"Nearly all men can stand adversity, but if you want to test a man's character, give him power," said Abraham Lincoln. So then, as a world-power, what does our response to the current massive waves of migration say about our character as Americans?
With 4 million Syrian refugees trying to find safety in other countries (and another 7.5 million displaced within Syria), nations worldwide are asking themselves how they can, and should, respond.
Only about 1,500 Syrian refugees have been admitted to the United States since the start of the conflict in 2011, the vast majority of them this fiscal year. Officials said the U.S. hopes to take more next year, potentially in the low thousands. In comparison, Canada has so far accepted about 2,400 Syrian refugees, with conservative promises of another 10,000 every year for the next four years. Sweden has taken in the most refugees per capita in the E.U., at around 85,000 this year alone.
Canadian Lt.-Gen. (ret.) Romeo Dallaire, the UN Force Commander in Rwanda during the genocide that saw an estimated 1 million people killed in just 100 days, has many thoughts on the West's response to the current refugee crisis from Syria. "If a country like Sweden can take in 100,000, then we've got some real serious problems with our philosophy and what we believe in our values of humanity and sense of humanity."
Human rights advocates supported the call. "It's just unconscionable how few Syrian refugees the United States has been willing to take and there's no good excuse for this," said Kenneth Roth, executive director of Human Rights Watch. "The idea that every Syrian is a terrorist is absurd."
As a nation this is not the first, second, or even third time we find ourselves faced with a massive wave of refugee migration. All told, by some estimates, a total of about 60 million Europeans became refugees during the entire World War II period. By 1959 some 461,000 European refugees had been accepted by the US.
The international response to that refugee crisis took both legal and organisational form. The Universal Declaration of Human Rights of 1948 guaranteed a '... right to seek and to enjoy in other countries asylum from persecution', and forbade the arbitrary deprivation of nationality. The Geneva Convention on Refugees of 1951 defined refugees, accorded them specific rights, and prohibited their refoulement (or forcible return) from countries of refuge. In the US, in 1948 the Displaced Persons Act, primarily inspired by anti-Communism, finally led to a relaxation of US immigration policy. The US Escapee Program was established in the same year, and offered sanctuary to a limited number of refugees from Communist countries.

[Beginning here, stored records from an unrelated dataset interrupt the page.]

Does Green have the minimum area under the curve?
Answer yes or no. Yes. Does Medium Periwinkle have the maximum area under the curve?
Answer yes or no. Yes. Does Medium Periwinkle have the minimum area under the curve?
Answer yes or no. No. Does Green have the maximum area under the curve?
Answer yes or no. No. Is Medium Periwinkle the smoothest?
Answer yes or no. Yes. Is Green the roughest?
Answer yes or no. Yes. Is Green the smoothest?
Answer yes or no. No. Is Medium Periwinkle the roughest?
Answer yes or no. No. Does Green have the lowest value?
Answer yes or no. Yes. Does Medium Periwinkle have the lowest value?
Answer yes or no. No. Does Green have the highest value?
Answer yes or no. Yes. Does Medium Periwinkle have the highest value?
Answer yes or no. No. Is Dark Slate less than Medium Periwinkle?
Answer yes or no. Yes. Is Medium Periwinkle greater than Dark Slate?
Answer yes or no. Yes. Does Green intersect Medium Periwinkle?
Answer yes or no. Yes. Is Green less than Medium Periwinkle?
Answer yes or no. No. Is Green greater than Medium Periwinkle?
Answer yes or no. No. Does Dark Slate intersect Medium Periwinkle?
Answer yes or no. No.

The next major wave to the US started in 1975 after the fall of Saigon. The international community initially didn't provide support for the Vietnamese boat refugees. Large vessels refused to pick up the refugees, uncertain of their participation in an international political and military entanglement. Eventually over one million Vietnamese "boat people" were resettled, including 823,000 in the US, 137,000 each in Australia and Canada, 96,000 in France, and 19,000 each in the UK and Germany.